[Data excerpts]
──────

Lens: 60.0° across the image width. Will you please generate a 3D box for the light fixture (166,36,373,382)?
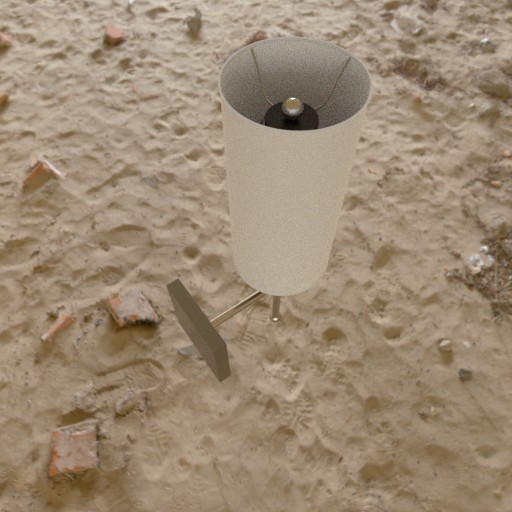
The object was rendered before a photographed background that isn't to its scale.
[{"bbox_3d":[0.000,0.000,0.548,0.208,0.462,0.128,-31,62,-19],"label":"light fixture"}]
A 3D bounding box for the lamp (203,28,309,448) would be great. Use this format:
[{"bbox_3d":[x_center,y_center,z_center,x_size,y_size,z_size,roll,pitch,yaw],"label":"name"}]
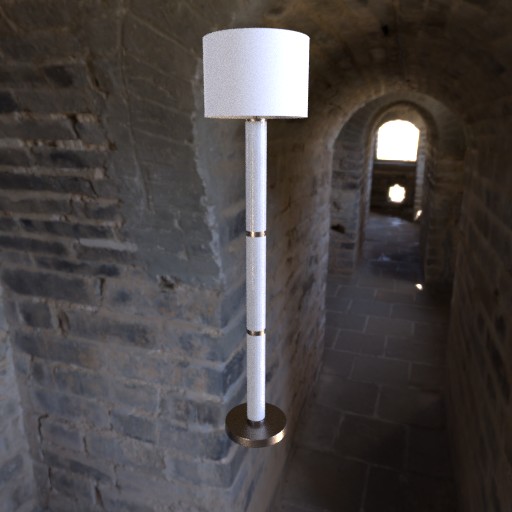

──────

Find the line that contains "The object was", then write out that line and every line after it through the end of the records, exactly. Leave the pictures out.

→ Final answer:
The object was rendered before a photographed background that isn't to its scale.
[{"bbox_3d":[0.000,0.000,0.548,0.208,0.462,0.128,-31,62,-19],"label":"light fixture"}]
A 3D bounding box for the lamp (203,28,309,448) would be great. Use this format:
[{"bbox_3d":[x_center,y_center,z_center,x_size,y_size,z_size,roll,pitch,yaw],"label":"name"}]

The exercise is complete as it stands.